[Start of section]
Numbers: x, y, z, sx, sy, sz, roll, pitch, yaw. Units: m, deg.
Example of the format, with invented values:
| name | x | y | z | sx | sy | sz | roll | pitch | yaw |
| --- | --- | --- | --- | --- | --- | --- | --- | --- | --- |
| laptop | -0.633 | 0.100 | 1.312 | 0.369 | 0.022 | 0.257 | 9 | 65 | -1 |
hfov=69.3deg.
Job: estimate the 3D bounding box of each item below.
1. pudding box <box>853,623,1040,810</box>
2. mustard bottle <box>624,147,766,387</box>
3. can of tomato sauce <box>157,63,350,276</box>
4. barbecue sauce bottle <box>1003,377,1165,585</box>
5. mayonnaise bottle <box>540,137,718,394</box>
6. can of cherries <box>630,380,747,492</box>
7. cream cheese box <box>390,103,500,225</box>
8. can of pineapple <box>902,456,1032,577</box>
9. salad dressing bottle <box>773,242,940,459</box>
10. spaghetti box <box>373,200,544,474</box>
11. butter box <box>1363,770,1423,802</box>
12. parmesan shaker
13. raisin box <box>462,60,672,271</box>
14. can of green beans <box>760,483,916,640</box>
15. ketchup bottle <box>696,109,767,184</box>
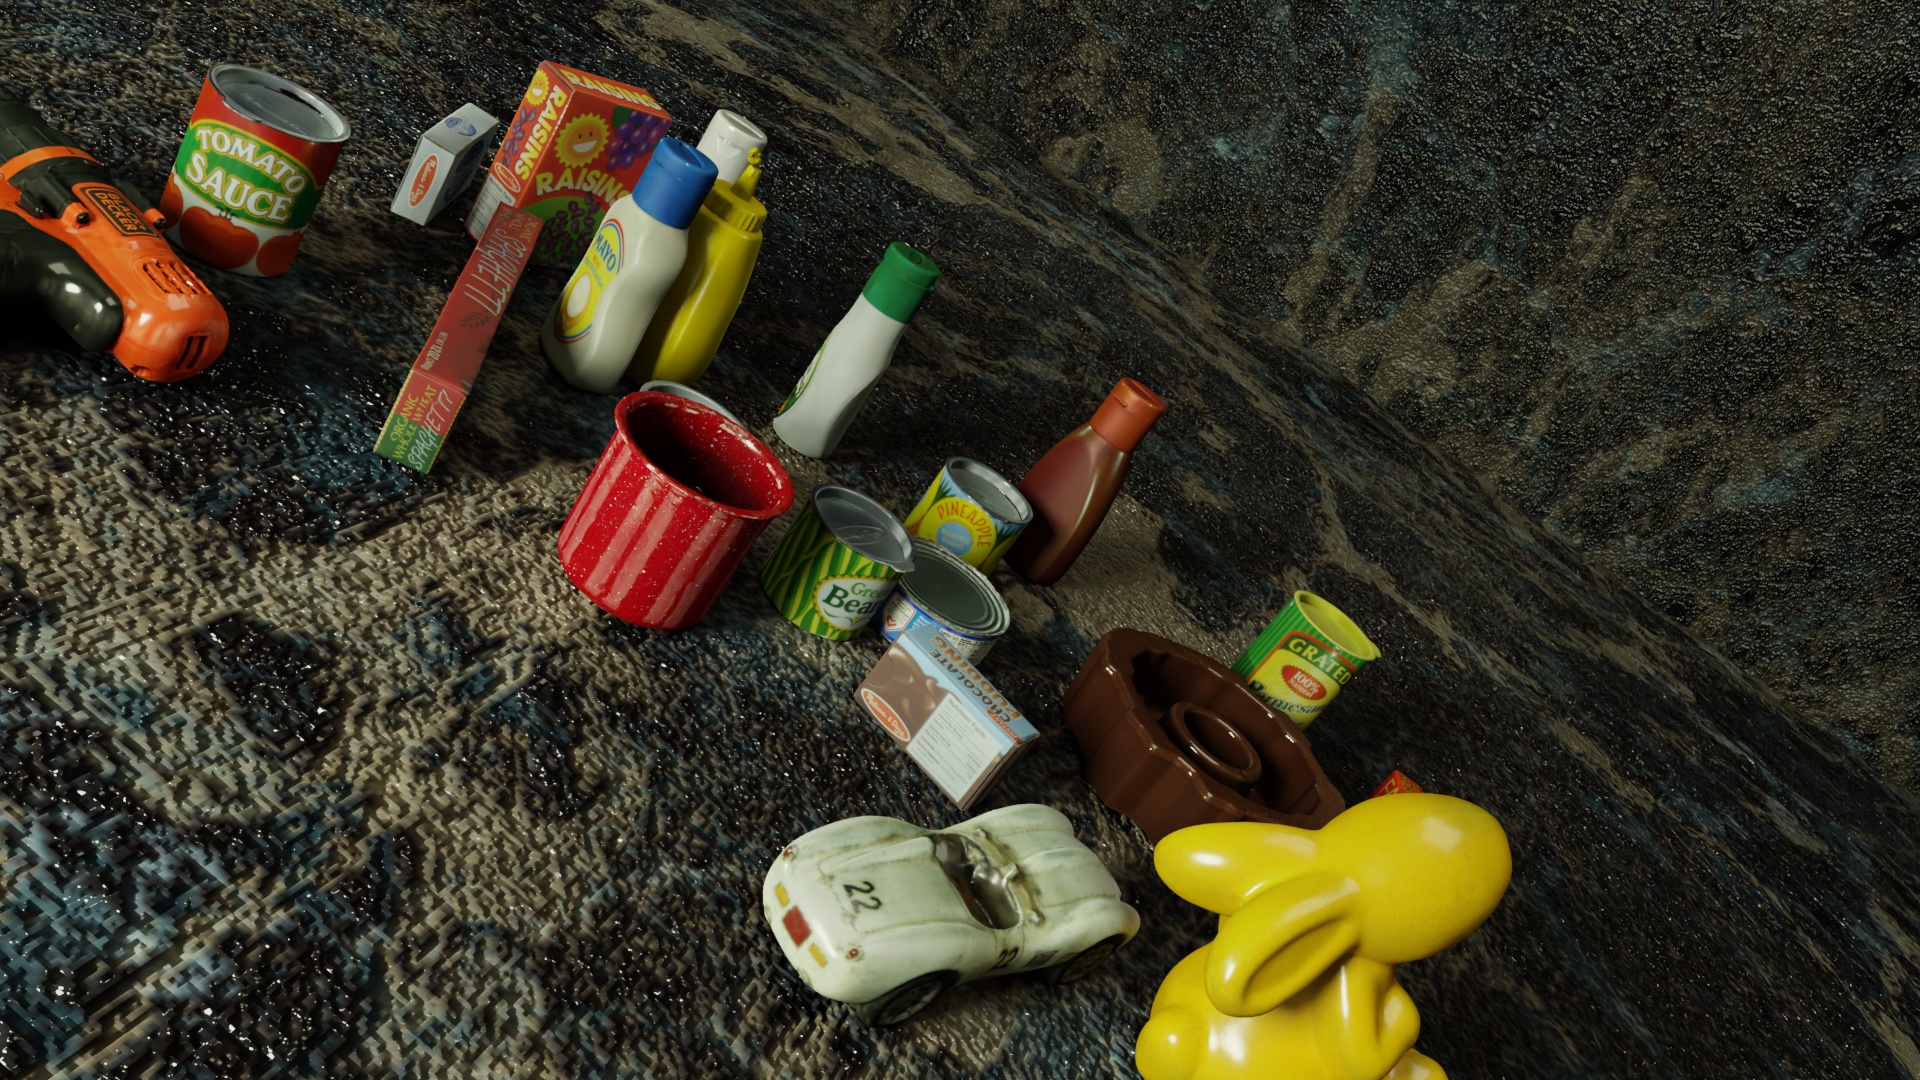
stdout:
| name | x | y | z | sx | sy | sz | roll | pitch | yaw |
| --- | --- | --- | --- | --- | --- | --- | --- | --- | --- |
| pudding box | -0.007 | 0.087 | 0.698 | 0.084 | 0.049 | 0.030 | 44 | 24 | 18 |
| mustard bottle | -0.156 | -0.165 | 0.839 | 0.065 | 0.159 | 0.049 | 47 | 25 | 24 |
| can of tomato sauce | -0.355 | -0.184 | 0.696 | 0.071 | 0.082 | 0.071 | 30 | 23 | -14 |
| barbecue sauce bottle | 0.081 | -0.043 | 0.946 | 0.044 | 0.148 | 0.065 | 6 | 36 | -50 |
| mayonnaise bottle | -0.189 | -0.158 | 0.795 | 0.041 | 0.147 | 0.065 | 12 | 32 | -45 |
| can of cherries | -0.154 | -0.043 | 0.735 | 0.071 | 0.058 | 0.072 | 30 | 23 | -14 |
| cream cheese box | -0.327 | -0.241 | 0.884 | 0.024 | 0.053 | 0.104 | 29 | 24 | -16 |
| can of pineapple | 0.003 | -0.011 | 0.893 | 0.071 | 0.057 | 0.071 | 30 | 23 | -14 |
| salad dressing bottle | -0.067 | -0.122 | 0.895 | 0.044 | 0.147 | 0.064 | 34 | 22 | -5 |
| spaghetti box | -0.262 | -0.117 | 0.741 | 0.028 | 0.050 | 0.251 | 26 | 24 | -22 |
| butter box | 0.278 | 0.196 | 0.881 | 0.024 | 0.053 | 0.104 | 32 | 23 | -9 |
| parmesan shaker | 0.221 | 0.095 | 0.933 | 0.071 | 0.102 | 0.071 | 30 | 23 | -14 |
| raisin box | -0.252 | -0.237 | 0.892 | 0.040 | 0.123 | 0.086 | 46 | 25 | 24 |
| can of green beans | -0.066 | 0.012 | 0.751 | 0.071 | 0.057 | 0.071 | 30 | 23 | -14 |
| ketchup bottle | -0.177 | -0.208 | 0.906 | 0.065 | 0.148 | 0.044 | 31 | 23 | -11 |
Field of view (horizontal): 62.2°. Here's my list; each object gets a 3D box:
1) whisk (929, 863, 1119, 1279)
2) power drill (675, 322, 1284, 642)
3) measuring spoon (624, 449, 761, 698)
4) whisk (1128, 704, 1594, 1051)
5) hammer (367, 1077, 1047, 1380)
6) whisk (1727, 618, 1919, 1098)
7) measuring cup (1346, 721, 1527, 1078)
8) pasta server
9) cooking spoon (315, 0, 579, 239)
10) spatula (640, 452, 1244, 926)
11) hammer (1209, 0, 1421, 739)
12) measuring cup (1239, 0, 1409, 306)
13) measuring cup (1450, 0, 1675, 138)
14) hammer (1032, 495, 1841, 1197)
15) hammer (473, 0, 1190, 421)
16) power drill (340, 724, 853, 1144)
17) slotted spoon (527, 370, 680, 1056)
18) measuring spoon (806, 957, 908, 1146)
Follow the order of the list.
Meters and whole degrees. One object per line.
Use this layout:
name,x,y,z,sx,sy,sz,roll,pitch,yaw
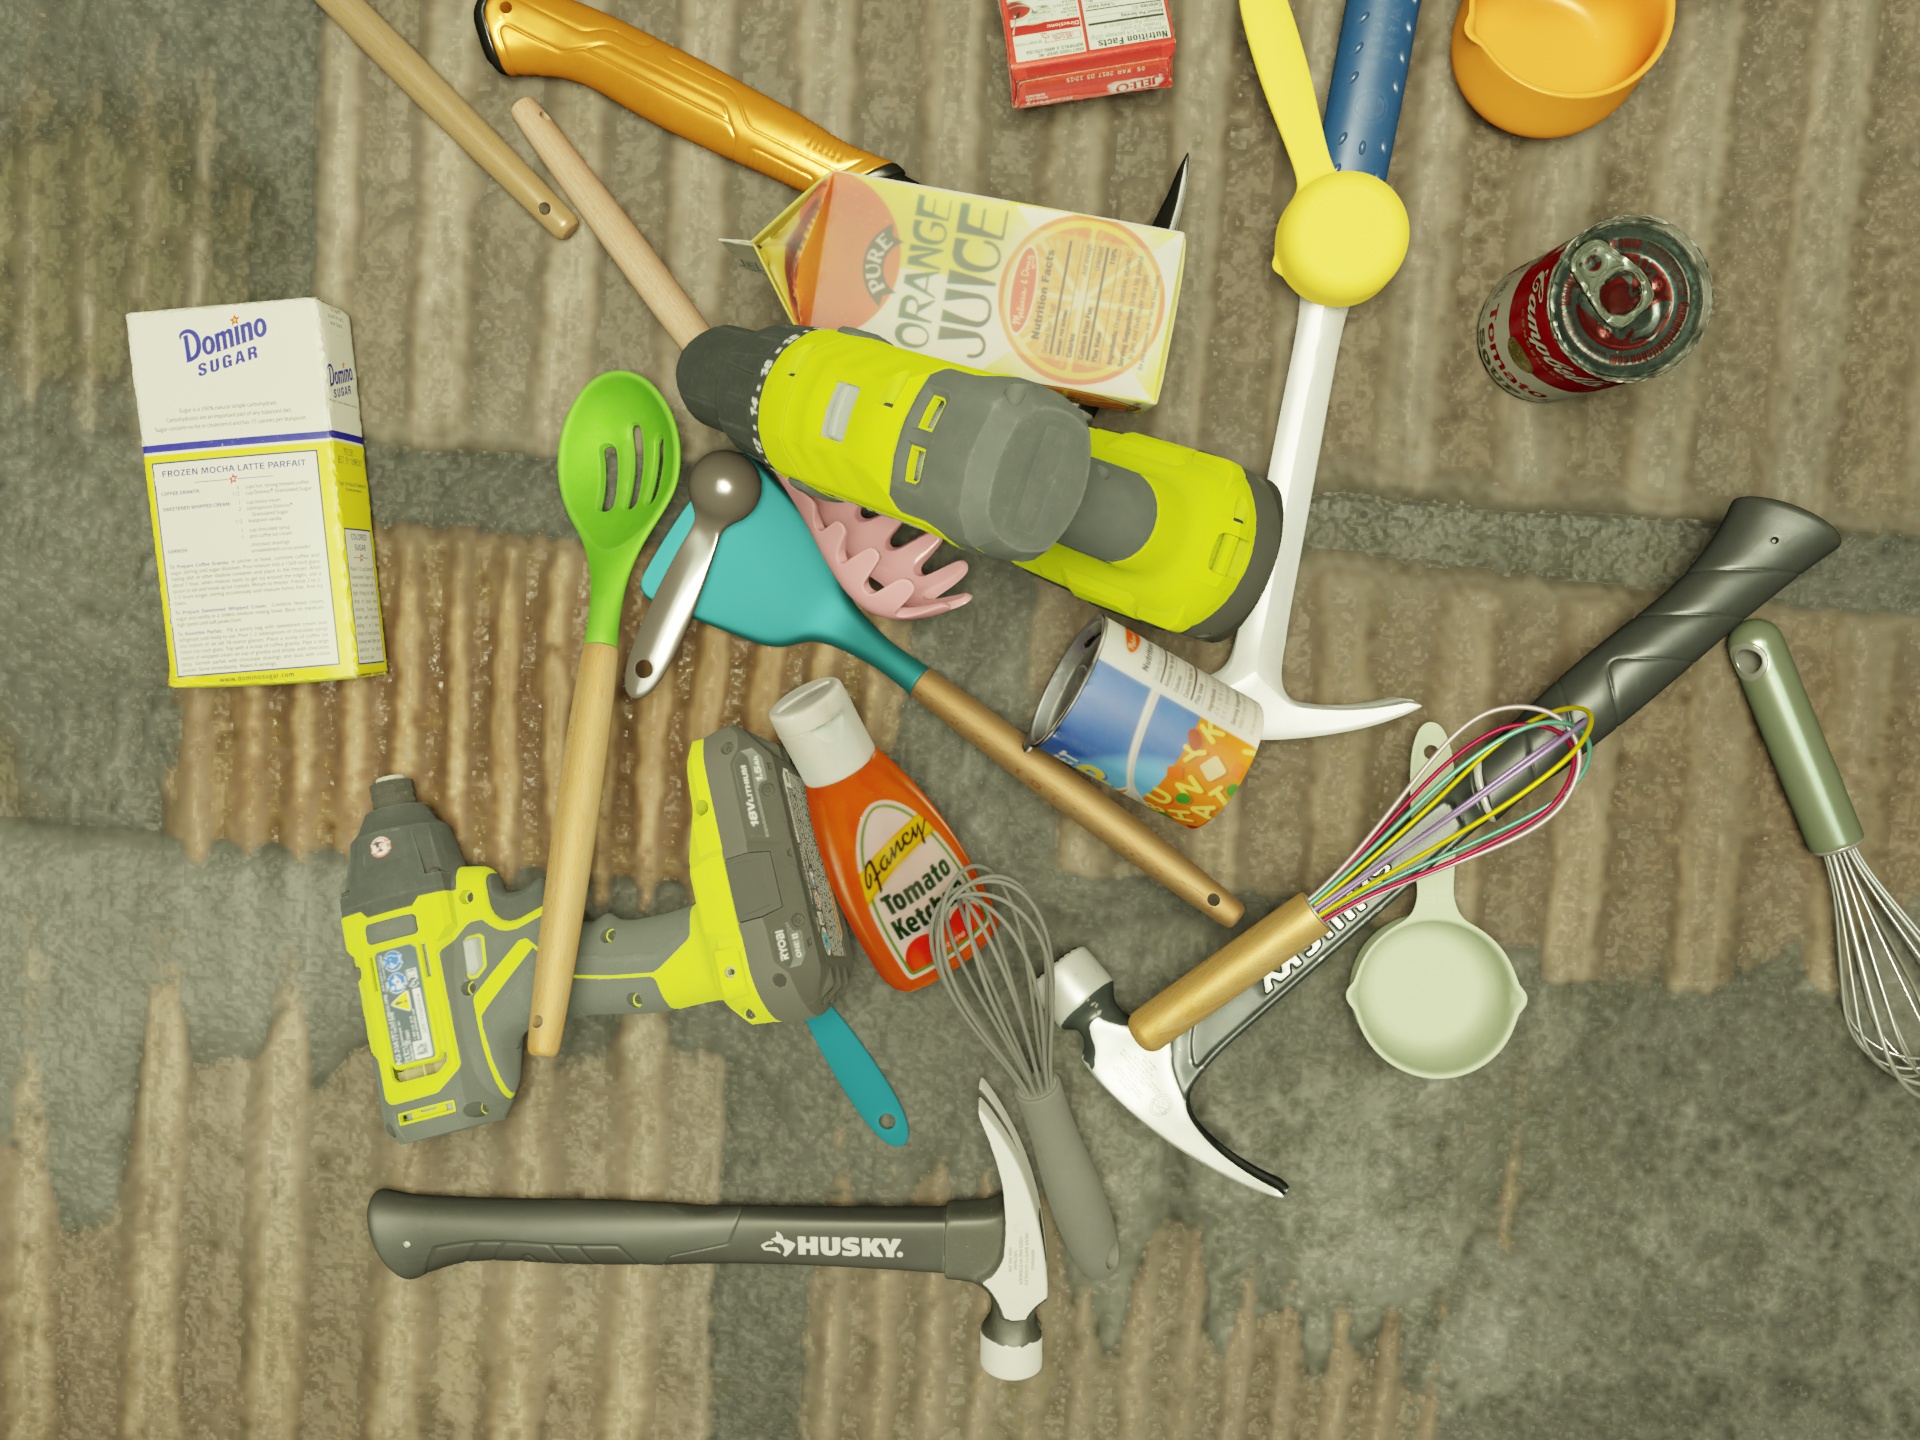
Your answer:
[End of section]
THE PROBLEM:
Beginning with the first line above, could you copy every line exactly, up to and including the one with "15. ketchup bottle <box>696,109,767,184</box>"?

RESPONSE AREA:
Numbers: x, y, z, sx, sy, sz, roll, pitch, yaw. Units: m, deg.
Example of the format, with invented values:
| name | x | y | z | sx | sy | sz | roll | pitch | yaw |
| --- | --- | --- | --- | --- | --- | --- | --- | --- | --- |
| laptop | -0.633 | 0.100 | 1.312 | 0.369 | 0.022 | 0.257 | 9 | 65 | -1 |
hfov=69.3deg.
Job: estimate the 3D bounding box of each item below.
1. pudding box <box>853,623,1040,810</box>
2. mustard bottle <box>624,147,766,387</box>
3. can of tomato sauce <box>157,63,350,276</box>
4. barbecue sauce bottle <box>1003,377,1165,585</box>
5. mayonnaise bottle <box>540,137,718,394</box>
6. can of cherries <box>630,380,747,492</box>
7. cream cheese box <box>390,103,500,225</box>
8. can of pineapple <box>902,456,1032,577</box>
9. salad dressing bottle <box>773,242,940,459</box>
10. spaghetti box <box>373,200,544,474</box>
11. butter box <box>1363,770,1423,802</box>
12. parmesan shaker
13. raisin box <box>462,60,672,271</box>
14. can of green beans <box>760,483,916,640</box>
15. ketchup bottle <box>696,109,767,184</box>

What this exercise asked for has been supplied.